- **Records drawn from a dataset**
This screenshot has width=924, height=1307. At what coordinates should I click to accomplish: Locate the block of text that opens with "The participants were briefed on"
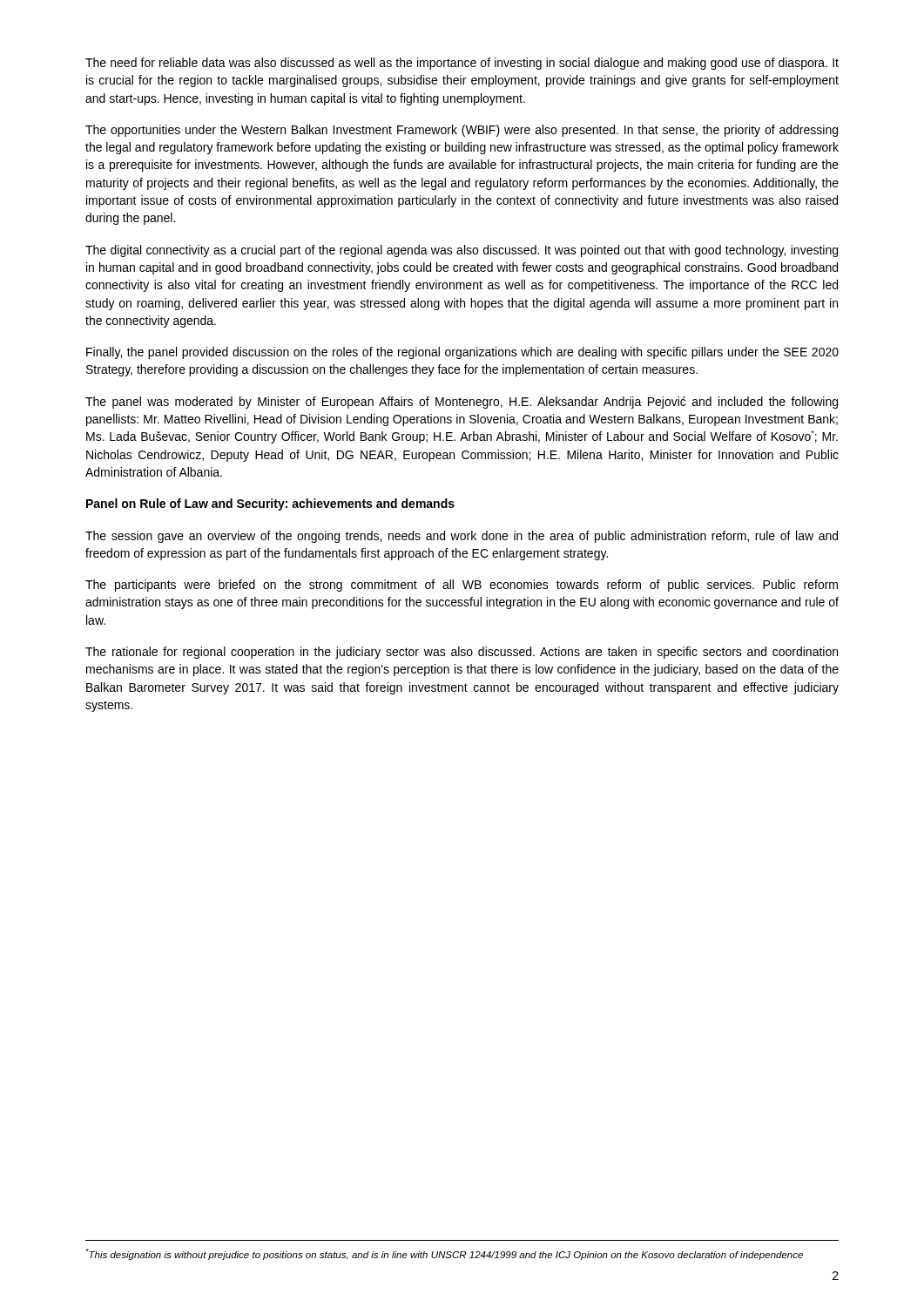pyautogui.click(x=462, y=602)
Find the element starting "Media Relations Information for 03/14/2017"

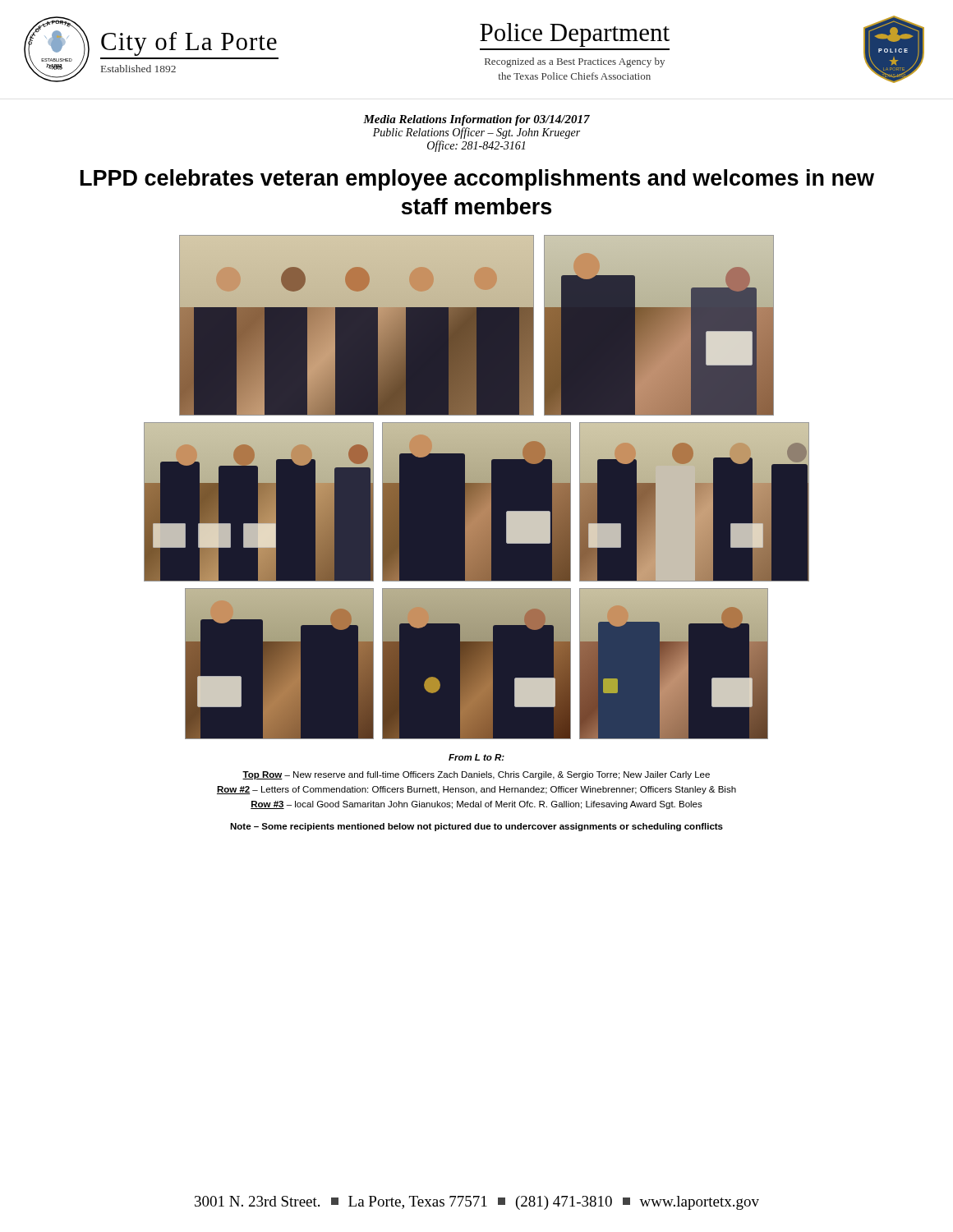(x=476, y=133)
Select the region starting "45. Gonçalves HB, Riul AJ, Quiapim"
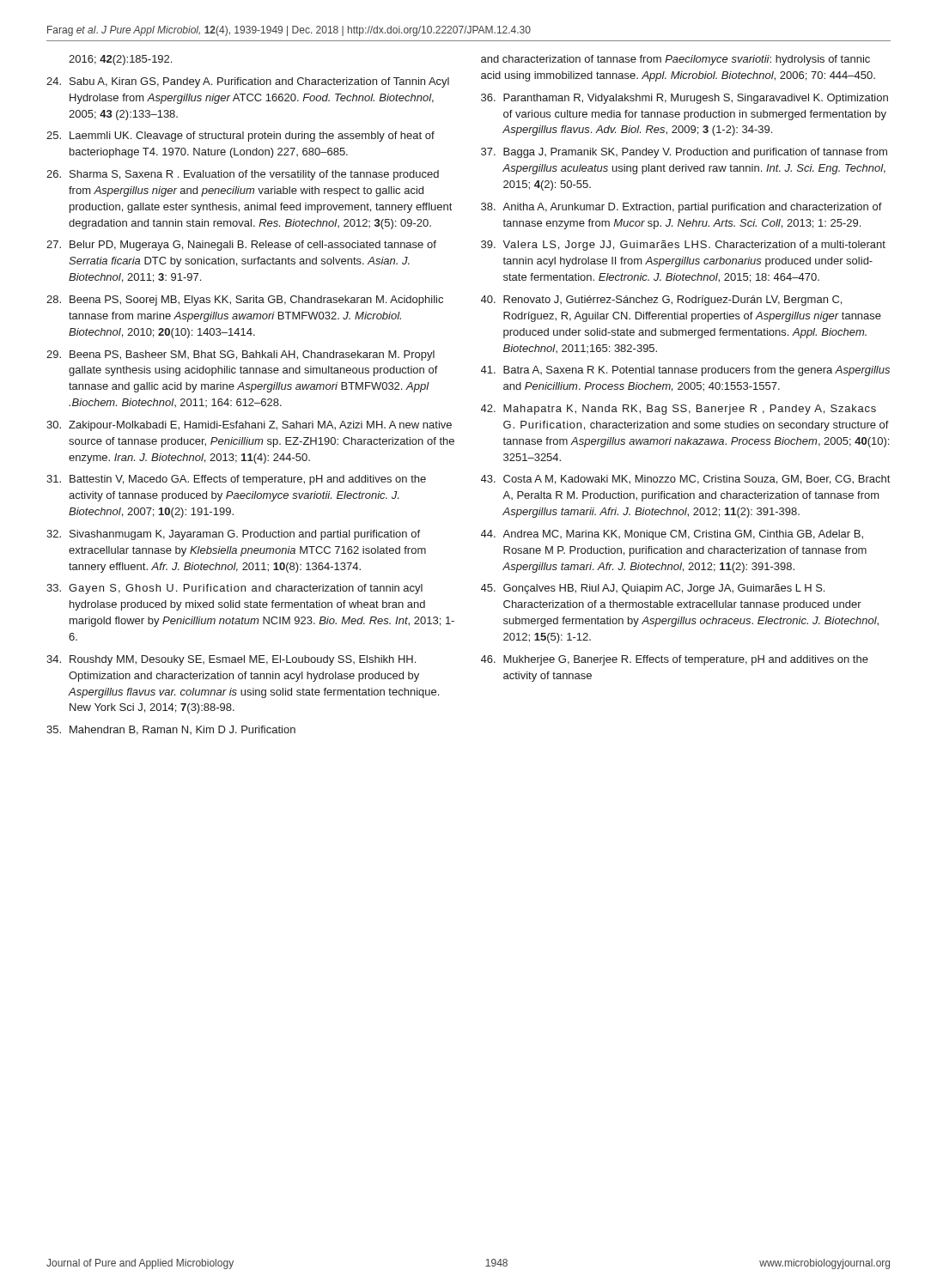 click(686, 613)
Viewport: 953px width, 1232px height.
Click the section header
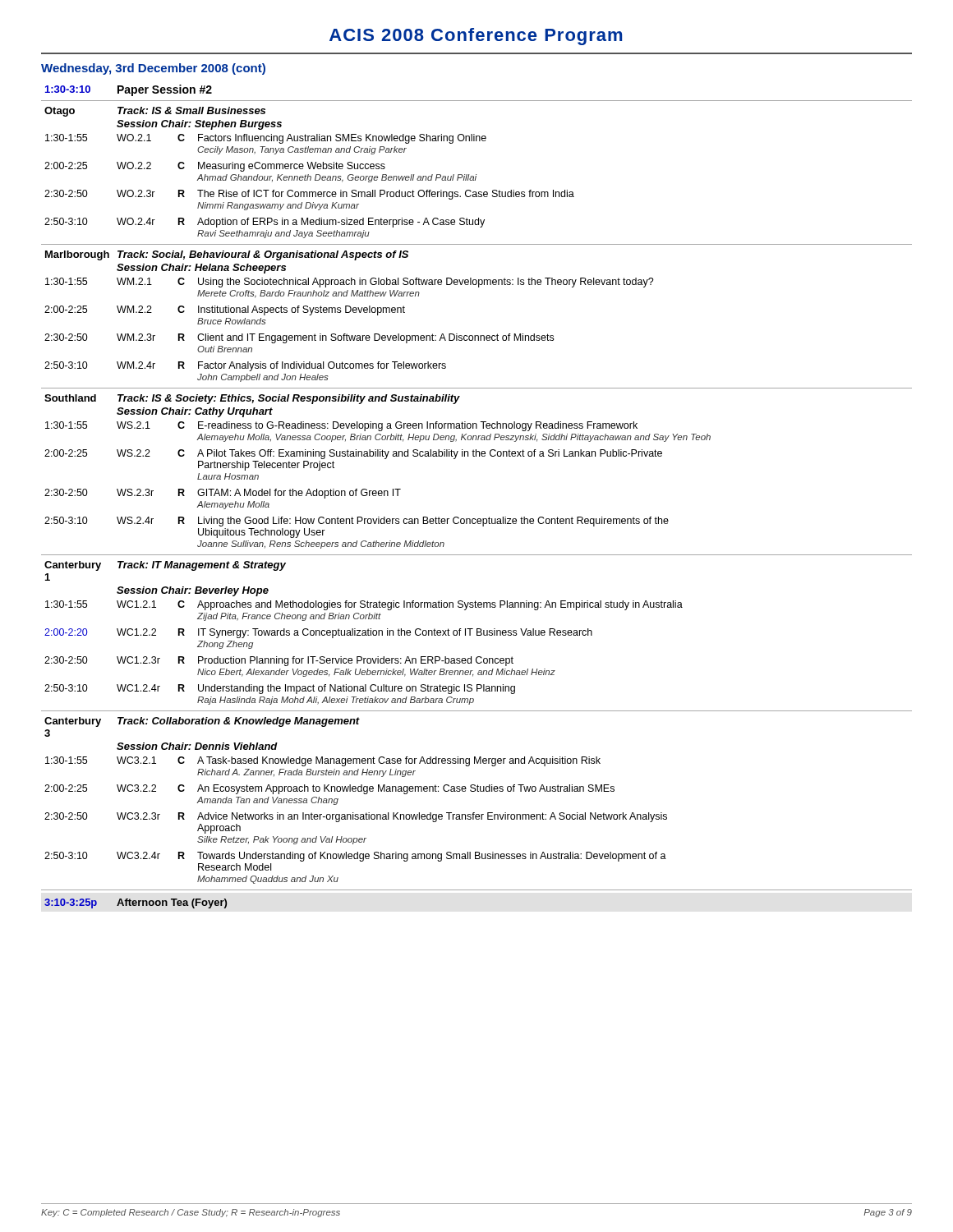[x=154, y=68]
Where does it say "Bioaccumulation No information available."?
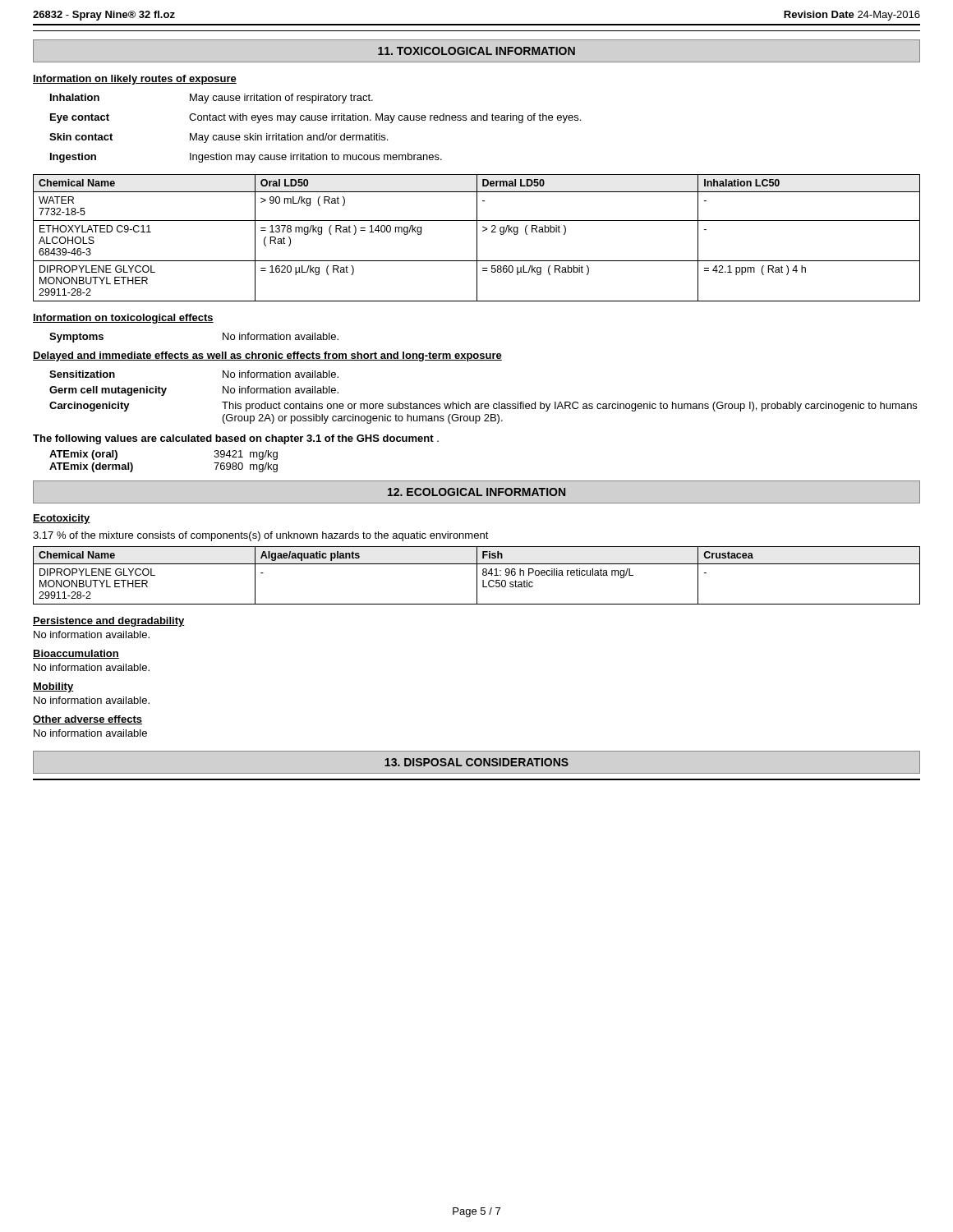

- **TASK TO CARRY OUT**
Output every entry above exactly as written, but omit the pictures.

- **RESPONSE BOX**
This screenshot has width=924, height=1307. At what coordinates should I click to accomplish: Locate the block of text that opens with "The participants were briefed on"
pyautogui.click(x=462, y=602)
Find the element starting "Media Relations Information for 03/14/2017"

(x=476, y=133)
Select the region starting "45. Gonçalves HB, Riul AJ, Quiapim"
 click(686, 613)
Viewport: 953px width, 1232px height.
Click the section header
[x=154, y=68]
Where does it say "Bioaccumulation No information available."?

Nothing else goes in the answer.